ACTIVITY ::
In the records below, find the line with "char[] cs = new char[N];" and the line with "int s = in.nextInt();". Print both exactly, along with every line between them, and no other line.

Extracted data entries
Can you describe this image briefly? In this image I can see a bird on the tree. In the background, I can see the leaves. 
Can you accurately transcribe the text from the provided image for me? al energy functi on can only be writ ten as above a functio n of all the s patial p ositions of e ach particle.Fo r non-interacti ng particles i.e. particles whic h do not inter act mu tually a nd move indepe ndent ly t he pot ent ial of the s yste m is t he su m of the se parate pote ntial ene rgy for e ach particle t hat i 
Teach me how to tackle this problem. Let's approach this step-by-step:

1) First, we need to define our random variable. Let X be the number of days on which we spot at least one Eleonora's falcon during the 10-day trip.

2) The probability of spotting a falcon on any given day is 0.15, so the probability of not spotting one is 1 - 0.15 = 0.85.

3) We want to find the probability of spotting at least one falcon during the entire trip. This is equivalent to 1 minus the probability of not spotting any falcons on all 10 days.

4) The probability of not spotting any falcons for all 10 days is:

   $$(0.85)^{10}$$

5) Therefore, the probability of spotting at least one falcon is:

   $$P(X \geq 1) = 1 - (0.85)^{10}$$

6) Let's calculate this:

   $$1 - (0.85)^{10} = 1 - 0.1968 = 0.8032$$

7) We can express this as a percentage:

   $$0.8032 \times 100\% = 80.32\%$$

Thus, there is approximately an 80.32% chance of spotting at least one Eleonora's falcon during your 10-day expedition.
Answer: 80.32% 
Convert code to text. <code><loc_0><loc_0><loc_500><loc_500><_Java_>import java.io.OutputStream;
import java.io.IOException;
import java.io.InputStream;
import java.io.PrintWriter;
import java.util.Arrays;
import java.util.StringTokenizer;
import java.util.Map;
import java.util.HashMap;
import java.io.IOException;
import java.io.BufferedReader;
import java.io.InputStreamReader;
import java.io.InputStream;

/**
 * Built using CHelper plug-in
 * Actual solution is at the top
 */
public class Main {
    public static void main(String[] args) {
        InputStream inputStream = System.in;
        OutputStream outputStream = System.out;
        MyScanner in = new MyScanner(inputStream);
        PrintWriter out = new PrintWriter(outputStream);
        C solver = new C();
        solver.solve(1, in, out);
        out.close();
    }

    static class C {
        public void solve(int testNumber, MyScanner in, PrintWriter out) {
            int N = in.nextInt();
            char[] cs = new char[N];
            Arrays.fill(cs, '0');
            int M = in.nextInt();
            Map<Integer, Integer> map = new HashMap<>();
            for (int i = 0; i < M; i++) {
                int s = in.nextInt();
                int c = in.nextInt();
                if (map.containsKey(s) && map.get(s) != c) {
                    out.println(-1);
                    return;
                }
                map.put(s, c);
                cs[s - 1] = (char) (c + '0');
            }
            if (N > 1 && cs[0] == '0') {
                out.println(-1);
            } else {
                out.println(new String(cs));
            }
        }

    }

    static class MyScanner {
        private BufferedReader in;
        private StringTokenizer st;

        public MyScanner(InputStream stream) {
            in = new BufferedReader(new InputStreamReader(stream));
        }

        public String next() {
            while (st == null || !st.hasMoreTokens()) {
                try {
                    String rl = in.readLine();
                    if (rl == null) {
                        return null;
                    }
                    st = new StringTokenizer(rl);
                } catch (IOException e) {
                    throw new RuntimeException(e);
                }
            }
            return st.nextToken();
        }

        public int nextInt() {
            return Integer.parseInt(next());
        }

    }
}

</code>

...

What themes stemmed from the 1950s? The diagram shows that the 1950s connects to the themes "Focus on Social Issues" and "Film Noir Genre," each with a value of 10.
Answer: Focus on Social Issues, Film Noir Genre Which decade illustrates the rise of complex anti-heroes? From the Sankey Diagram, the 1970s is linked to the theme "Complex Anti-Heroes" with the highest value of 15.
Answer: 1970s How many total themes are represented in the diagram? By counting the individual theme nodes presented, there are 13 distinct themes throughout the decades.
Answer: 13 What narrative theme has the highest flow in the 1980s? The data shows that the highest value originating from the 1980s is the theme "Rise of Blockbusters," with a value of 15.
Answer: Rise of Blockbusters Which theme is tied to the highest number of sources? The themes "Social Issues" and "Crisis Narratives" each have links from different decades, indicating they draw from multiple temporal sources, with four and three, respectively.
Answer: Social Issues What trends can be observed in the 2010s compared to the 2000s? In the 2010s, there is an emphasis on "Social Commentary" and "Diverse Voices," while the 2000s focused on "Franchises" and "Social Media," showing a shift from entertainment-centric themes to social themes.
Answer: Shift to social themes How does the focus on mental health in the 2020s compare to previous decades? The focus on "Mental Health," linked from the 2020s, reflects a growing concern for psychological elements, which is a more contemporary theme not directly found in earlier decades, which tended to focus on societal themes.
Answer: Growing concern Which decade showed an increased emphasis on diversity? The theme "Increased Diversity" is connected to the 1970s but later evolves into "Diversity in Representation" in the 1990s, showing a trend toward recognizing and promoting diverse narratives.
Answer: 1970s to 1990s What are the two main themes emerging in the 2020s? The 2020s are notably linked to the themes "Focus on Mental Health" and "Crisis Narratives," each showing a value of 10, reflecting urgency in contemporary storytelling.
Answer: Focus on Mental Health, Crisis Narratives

RESPONSE TO THIS TASK ::
            char[] cs = new char[N];
            Arrays.fill(cs, '0');
            int M = in.nextInt();
            Map<Integer, Integer> map = new HashMap<>();
            for (int i = 0; i < M; i++) {
                int s = in.nextInt();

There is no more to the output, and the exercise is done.